### The records

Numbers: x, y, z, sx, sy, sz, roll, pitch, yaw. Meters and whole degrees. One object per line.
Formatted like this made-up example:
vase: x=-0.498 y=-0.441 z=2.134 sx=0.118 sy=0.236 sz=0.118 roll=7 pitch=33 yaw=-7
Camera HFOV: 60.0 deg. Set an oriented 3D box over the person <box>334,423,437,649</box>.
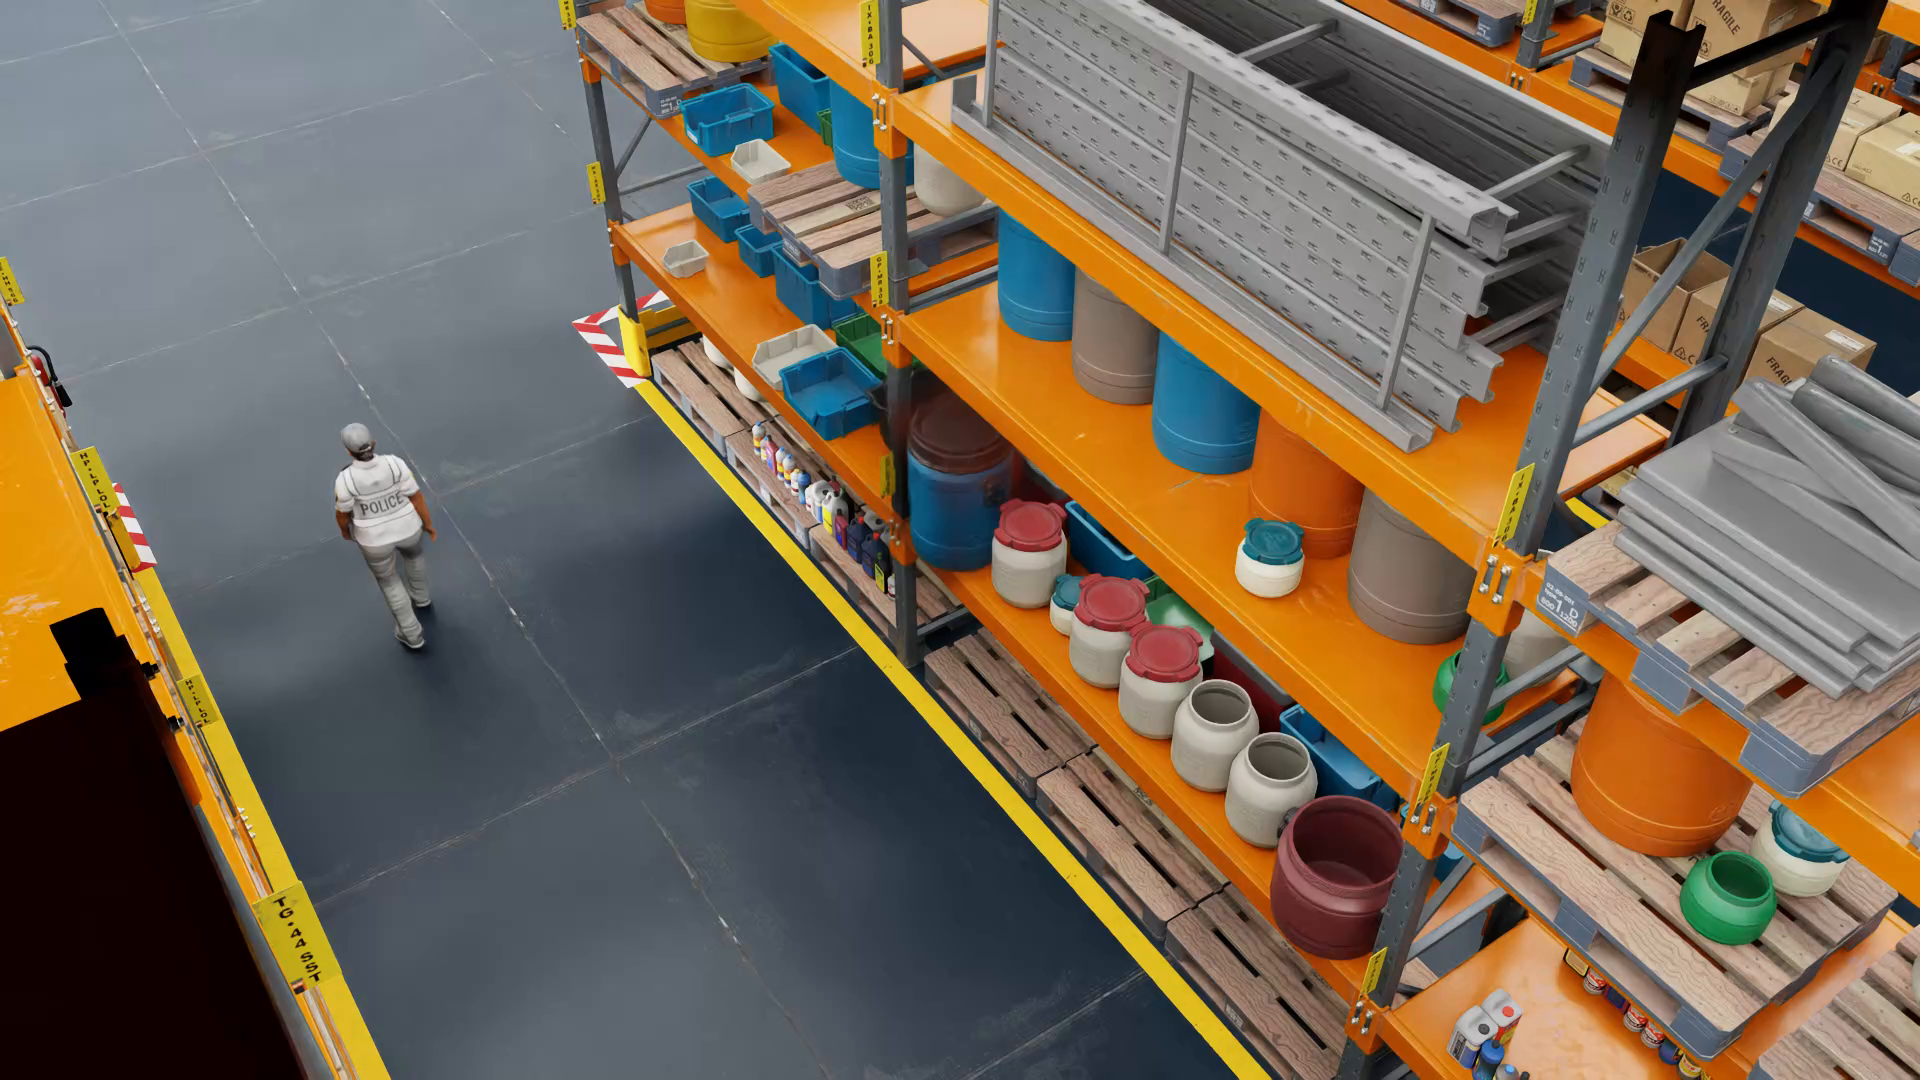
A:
person: x=-3.668 y=-0.072 z=10.630 sx=0.534 sy=1.685 sz=0.652 roll=-24 pitch=48 yaw=-24
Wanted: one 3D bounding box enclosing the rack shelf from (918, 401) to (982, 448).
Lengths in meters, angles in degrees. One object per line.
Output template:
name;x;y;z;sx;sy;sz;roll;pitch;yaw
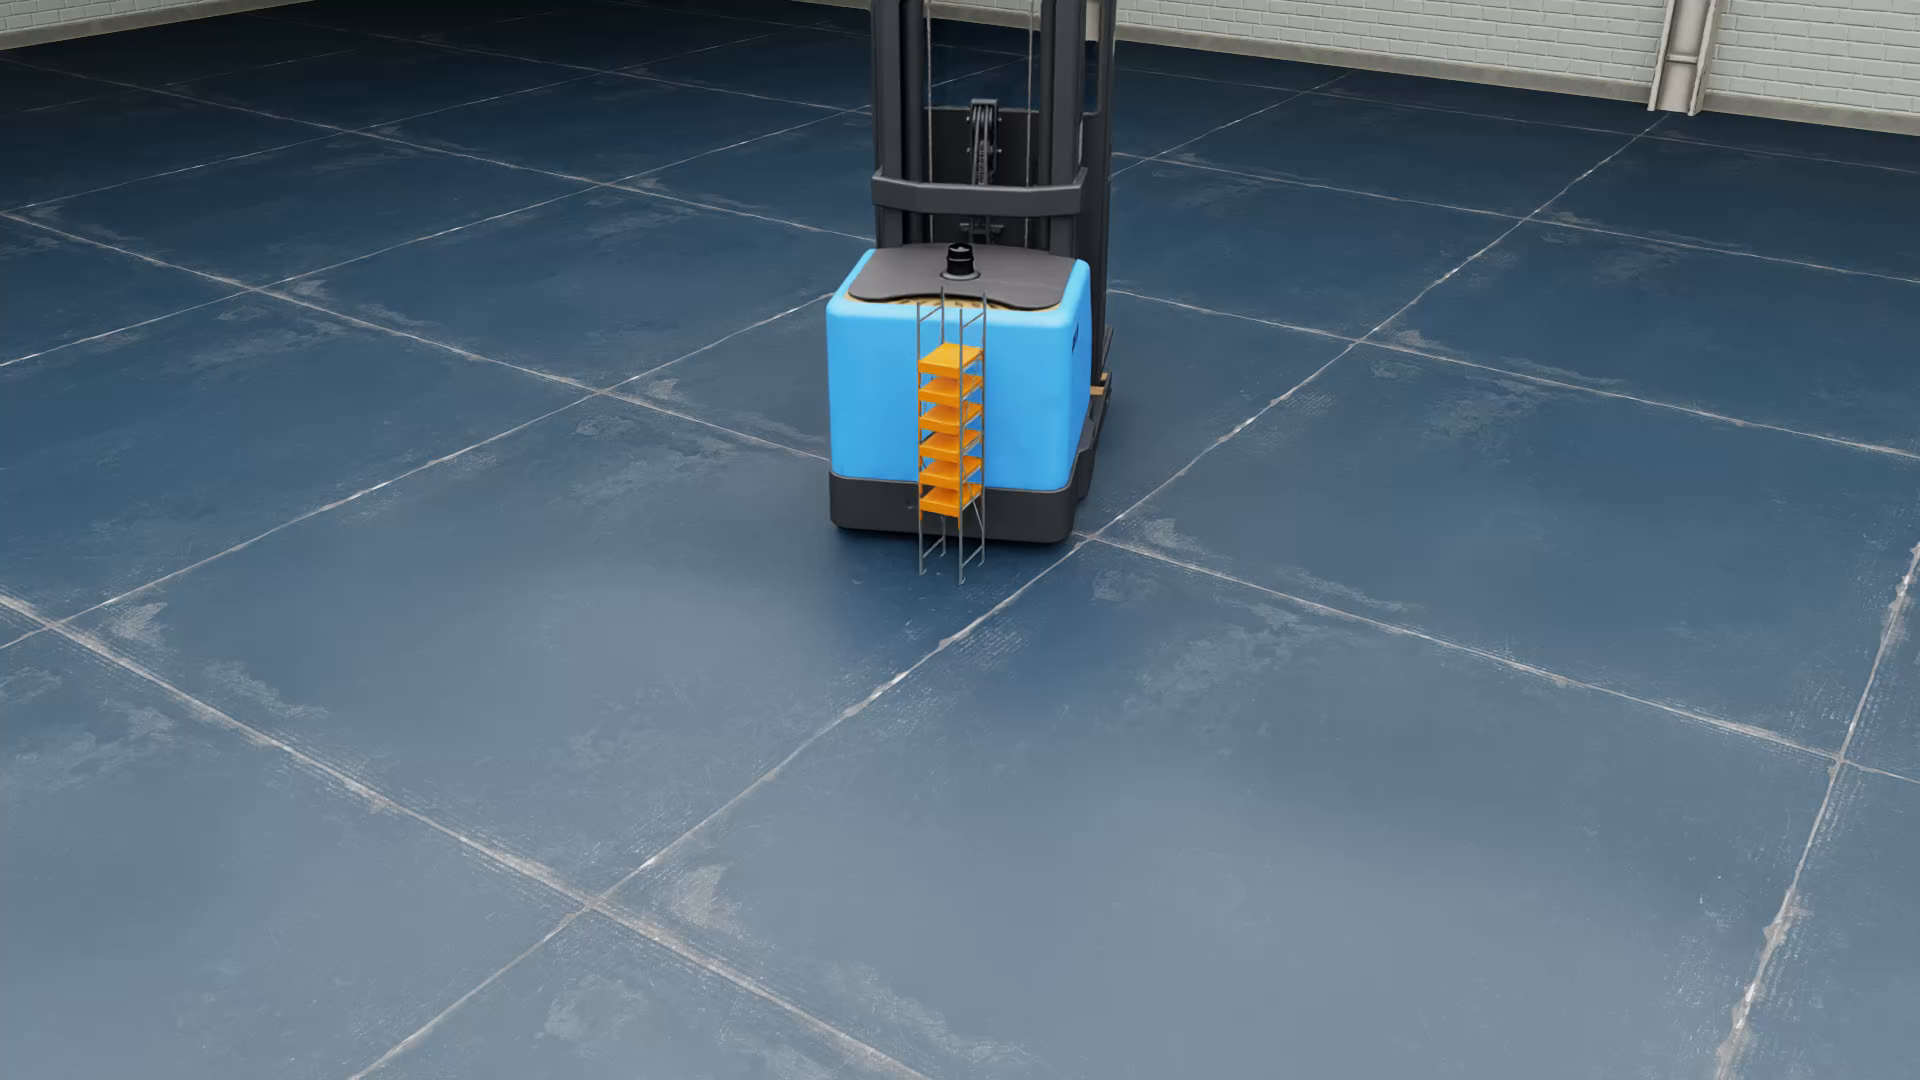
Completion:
rack shelf;-0.032;-0.478;6.699;0.180;0.103;0.258;12;29;22

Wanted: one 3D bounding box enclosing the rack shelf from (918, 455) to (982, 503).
rack shelf;-0.032;-0.264;6.808;0.180;0.103;0.258;12;29;22

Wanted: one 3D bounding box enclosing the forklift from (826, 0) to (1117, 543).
forklift;0.186;-1.938;7.827;1.130;2.935;3.031;4;27;9

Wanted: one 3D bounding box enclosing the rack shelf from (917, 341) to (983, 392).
rack shelf;-0.032;-0.692;6.590;0.180;0.103;0.258;12;29;22

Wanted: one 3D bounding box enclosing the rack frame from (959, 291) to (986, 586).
rack frame;0.050;-0.393;6.699;0.006;1.200;0.240;12;29;22

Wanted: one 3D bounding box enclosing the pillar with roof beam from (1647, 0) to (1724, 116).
pillar with roof beam;3.902;-6.218;9.547;0.400;9.000;9.100;17;32;30

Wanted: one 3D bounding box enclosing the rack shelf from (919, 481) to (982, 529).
rack shelf;-0.032;-0.157;6.863;0.180;0.103;0.258;12;29;22

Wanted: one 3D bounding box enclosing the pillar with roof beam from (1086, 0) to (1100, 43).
pillar with roof beam;-1.043;-7.759;12.575;0.400;9.000;9.100;17;32;30

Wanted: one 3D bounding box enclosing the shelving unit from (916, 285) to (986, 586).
shelving unit;-0.032;-0.410;6.734;0.189;1.200;0.258;12;29;22

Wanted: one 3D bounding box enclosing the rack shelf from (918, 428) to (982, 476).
rack shelf;-0.032;-0.371;6.754;0.180;0.103;0.258;12;29;22

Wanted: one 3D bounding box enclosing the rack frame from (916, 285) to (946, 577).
rack frame;-0.115;-0.428;6.768;0.006;1.200;0.240;12;29;22

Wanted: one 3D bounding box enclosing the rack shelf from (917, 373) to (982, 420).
rack shelf;-0.032;-0.585;6.645;0.180;0.103;0.258;12;29;22

######

= What you will do =
Leave out the pictures and print every line of the data exactly.

= Solved problem =
Numbers: x, y, z, sx, sy, sz, roll, pitch, yaw. Meters and whole degrees. One object per line.
Formatted like this made-up example:
vase: x=-0.498 y=-0.441 z=2.134 sx=0.118 sy=0.236 sz=0.118 roll=7 pitch=33 yaw=-7
Camera HFOV: 60.0 deg. Set an oriented 3D box over the person <box>334,423,437,649</box>.
A:
person: x=-3.668 y=-0.072 z=10.630 sx=0.534 sy=1.685 sz=0.652 roll=-24 pitch=48 yaw=-24
Wanted: one 3D bounding box enclosing the rack shelf from (918, 401) to (982, 448).
Lengths in meters, angles in degrees. One object per line.
Output template:
name;x;y;z;sx;sy;sz;roll;pitch;yaw
Completion:
rack shelf;-0.032;-0.478;6.699;0.180;0.103;0.258;12;29;22

Wanted: one 3D bounding box enclosing the rack shelf from (918, 455) to (982, 503).
rack shelf;-0.032;-0.264;6.808;0.180;0.103;0.258;12;29;22

Wanted: one 3D bounding box enclosing the forklift from (826, 0) to (1117, 543).
forklift;0.186;-1.938;7.827;1.130;2.935;3.031;4;27;9

Wanted: one 3D bounding box enclosing the rack shelf from (917, 341) to (983, 392).
rack shelf;-0.032;-0.692;6.590;0.180;0.103;0.258;12;29;22

Wanted: one 3D bounding box enclosing the rack frame from (959, 291) to (986, 586).
rack frame;0.050;-0.393;6.699;0.006;1.200;0.240;12;29;22

Wanted: one 3D bounding box enclosing the pillar with roof beam from (1647, 0) to (1724, 116).
pillar with roof beam;3.902;-6.218;9.547;0.400;9.000;9.100;17;32;30

Wanted: one 3D bounding box enclosing the rack shelf from (919, 481) to (982, 529).
rack shelf;-0.032;-0.157;6.863;0.180;0.103;0.258;12;29;22

Wanted: one 3D bounding box enclosing the pillar with roof beam from (1086, 0) to (1100, 43).
pillar with roof beam;-1.043;-7.759;12.575;0.400;9.000;9.100;17;32;30

Wanted: one 3D bounding box enclosing the shelving unit from (916, 285) to (986, 586).
shelving unit;-0.032;-0.410;6.734;0.189;1.200;0.258;12;29;22

Wanted: one 3D bounding box enclosing the rack shelf from (918, 428) to (982, 476).
rack shelf;-0.032;-0.371;6.754;0.180;0.103;0.258;12;29;22

Wanted: one 3D bounding box enclosing the rack frame from (916, 285) to (946, 577).
rack frame;-0.115;-0.428;6.768;0.006;1.200;0.240;12;29;22

Wanted: one 3D bounding box enclosing the rack shelf from (917, 373) to (982, 420).
rack shelf;-0.032;-0.585;6.645;0.180;0.103;0.258;12;29;22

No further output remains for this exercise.